Task prompt
Beginning with the line that holds "22) cardboard box [509,17,515,30]" in the data below, give again every line through the one that holds "46) cardboard box [83,244,244,373]", exactly as written.

Available records
□ □ □

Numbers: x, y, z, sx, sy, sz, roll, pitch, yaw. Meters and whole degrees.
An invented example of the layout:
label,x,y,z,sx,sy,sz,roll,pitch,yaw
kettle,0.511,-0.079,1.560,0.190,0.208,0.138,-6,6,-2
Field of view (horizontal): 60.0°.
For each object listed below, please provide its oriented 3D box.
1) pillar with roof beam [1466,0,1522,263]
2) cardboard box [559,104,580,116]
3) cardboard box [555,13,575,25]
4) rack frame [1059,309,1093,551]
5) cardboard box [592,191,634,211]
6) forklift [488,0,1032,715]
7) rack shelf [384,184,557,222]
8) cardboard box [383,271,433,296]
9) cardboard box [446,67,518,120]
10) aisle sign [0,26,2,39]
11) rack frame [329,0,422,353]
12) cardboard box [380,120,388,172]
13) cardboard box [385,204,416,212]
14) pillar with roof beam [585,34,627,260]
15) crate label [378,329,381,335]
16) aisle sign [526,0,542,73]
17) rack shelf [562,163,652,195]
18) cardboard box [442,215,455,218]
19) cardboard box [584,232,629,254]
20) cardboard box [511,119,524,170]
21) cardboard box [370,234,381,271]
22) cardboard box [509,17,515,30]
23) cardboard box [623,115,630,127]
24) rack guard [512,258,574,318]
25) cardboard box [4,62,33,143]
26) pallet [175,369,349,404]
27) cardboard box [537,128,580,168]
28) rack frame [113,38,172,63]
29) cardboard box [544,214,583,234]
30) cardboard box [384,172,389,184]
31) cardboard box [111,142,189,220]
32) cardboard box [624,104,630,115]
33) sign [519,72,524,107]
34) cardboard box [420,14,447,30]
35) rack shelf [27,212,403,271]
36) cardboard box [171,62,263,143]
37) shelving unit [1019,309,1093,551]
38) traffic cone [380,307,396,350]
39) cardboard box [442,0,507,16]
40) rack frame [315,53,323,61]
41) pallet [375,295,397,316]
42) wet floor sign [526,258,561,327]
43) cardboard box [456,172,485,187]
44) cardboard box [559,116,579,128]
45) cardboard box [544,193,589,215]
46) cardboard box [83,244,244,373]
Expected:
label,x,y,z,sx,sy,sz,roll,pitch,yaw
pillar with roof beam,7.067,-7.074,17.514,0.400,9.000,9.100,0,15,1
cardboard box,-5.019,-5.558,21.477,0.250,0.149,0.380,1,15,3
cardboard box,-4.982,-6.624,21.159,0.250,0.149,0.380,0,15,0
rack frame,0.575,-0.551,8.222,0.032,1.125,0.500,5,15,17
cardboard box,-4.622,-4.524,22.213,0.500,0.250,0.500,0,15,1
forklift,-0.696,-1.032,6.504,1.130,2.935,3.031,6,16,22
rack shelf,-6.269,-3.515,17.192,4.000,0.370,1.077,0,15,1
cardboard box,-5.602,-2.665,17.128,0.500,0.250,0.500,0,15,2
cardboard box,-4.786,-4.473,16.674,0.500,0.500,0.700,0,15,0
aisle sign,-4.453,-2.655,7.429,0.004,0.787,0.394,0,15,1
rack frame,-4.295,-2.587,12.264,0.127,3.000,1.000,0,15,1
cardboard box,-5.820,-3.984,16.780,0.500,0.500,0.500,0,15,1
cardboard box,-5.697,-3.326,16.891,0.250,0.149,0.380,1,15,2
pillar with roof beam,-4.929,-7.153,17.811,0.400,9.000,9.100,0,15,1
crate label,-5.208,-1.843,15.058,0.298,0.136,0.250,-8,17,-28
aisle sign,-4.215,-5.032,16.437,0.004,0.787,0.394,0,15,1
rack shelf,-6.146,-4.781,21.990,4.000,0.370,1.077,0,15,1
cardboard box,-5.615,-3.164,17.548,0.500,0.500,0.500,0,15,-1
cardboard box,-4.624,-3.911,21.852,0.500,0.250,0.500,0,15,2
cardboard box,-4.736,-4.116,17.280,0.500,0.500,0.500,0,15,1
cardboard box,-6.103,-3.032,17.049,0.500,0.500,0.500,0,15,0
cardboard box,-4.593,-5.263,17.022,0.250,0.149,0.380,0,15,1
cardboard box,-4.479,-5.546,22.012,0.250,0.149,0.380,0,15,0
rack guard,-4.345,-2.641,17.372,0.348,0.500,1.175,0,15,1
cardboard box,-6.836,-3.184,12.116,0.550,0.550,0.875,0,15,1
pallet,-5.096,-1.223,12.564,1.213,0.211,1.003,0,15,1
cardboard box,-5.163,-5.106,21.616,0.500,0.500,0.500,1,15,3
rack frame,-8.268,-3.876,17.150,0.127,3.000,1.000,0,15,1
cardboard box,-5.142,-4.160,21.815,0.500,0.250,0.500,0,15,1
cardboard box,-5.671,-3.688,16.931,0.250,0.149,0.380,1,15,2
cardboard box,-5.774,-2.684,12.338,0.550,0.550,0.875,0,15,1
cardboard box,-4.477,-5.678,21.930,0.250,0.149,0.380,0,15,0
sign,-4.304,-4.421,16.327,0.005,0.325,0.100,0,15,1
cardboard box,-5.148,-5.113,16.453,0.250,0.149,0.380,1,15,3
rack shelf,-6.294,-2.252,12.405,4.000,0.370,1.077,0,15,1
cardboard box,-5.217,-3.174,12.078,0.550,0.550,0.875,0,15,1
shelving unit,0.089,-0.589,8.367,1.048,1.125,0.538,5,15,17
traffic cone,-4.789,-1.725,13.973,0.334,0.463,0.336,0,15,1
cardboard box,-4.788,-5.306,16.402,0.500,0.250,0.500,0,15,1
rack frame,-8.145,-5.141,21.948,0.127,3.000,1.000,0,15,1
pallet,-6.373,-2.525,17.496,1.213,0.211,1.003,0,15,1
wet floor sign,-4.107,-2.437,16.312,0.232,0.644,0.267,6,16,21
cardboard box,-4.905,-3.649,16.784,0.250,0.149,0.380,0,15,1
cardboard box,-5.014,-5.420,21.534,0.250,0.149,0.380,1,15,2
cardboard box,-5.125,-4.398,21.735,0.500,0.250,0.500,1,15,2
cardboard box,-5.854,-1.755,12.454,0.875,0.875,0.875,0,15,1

□ □ □

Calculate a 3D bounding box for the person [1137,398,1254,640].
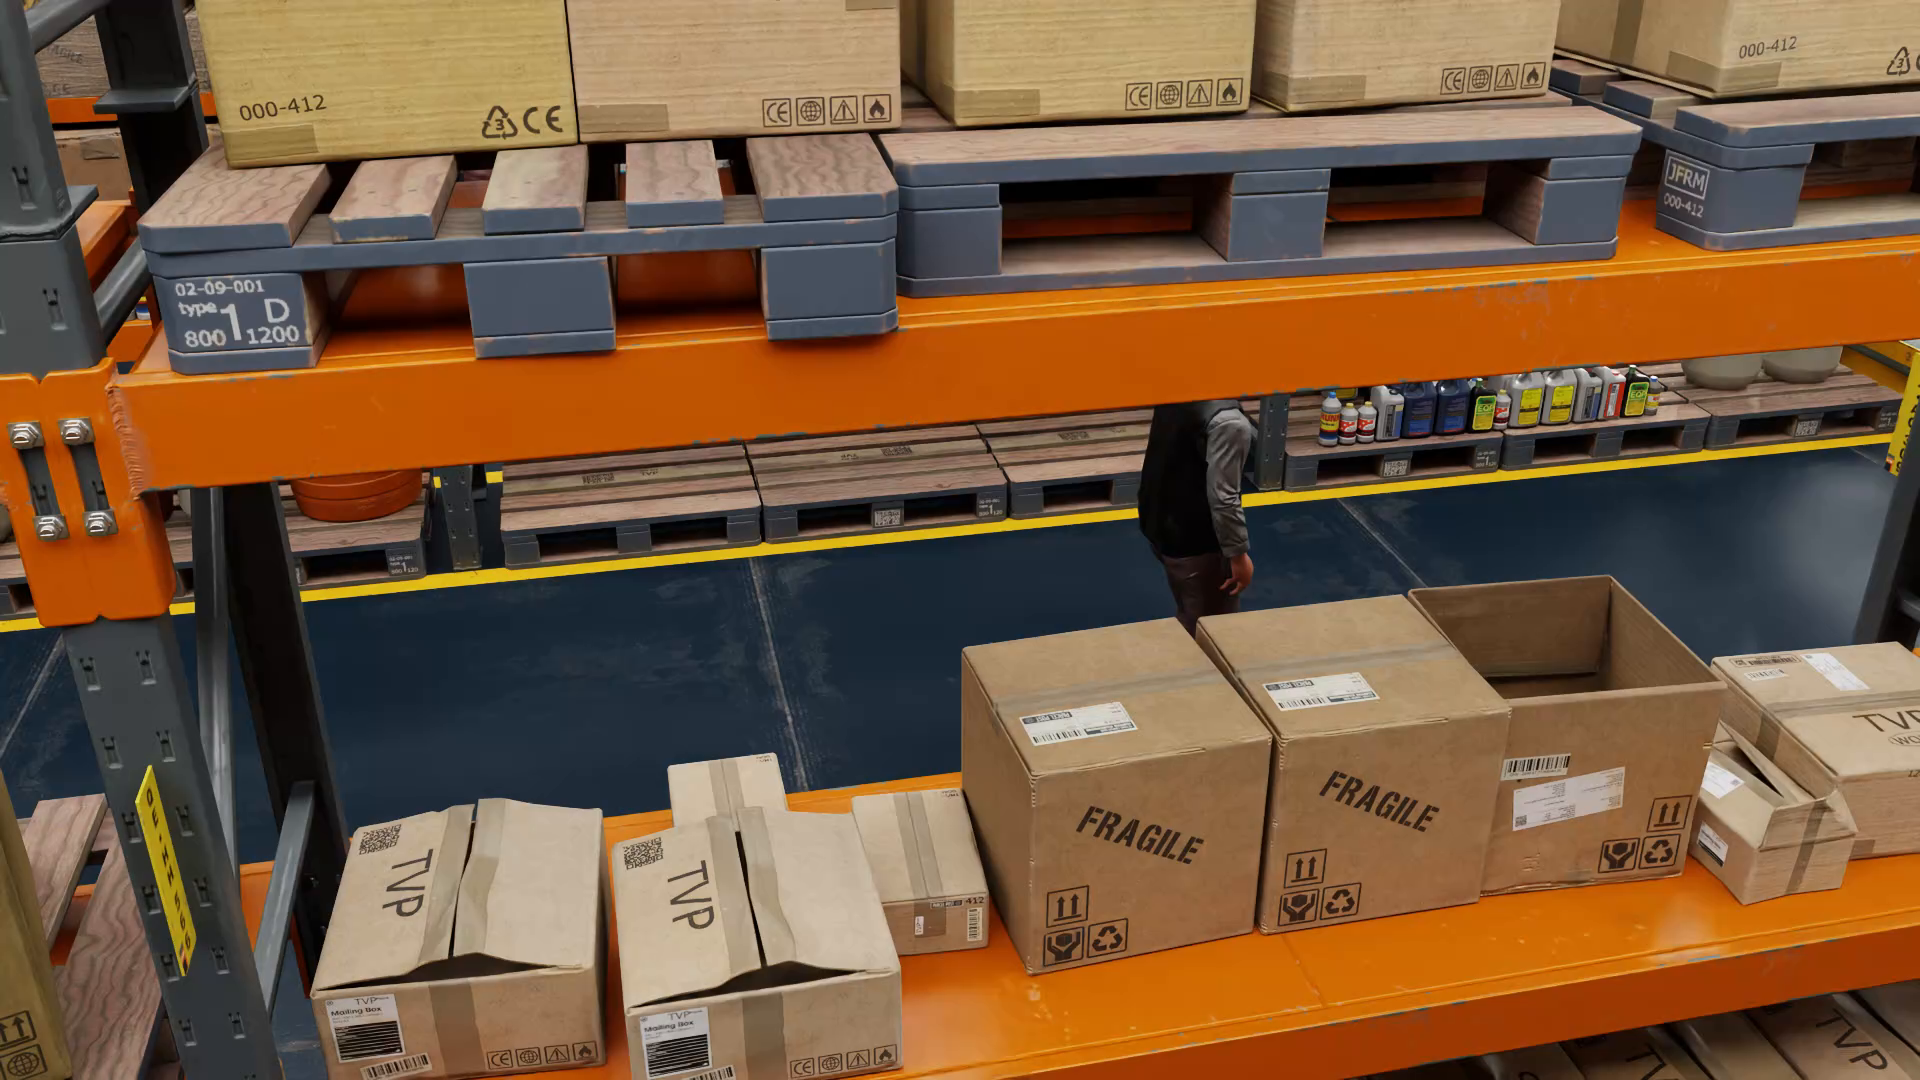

□ □ □

Reply
22) cardboard box [509,17,515,30]
23) cardboard box [623,115,630,127]
24) rack guard [512,258,574,318]
25) cardboard box [4,62,33,143]
26) pallet [175,369,349,404]
27) cardboard box [537,128,580,168]
28) rack frame [113,38,172,63]
29) cardboard box [544,214,583,234]
30) cardboard box [384,172,389,184]
31) cardboard box [111,142,189,220]
32) cardboard box [624,104,630,115]
33) sign [519,72,524,107]
34) cardboard box [420,14,447,30]
35) rack shelf [27,212,403,271]
36) cardboard box [171,62,263,143]
37) shelving unit [1019,309,1093,551]
38) traffic cone [380,307,396,350]
39) cardboard box [442,0,507,16]
40) rack frame [315,53,323,61]
41) pallet [375,295,397,316]
42) wet floor sign [526,258,561,327]
43) cardboard box [456,172,485,187]
44) cardboard box [559,116,579,128]
45) cardboard box [544,193,589,215]
46) cardboard box [83,244,244,373]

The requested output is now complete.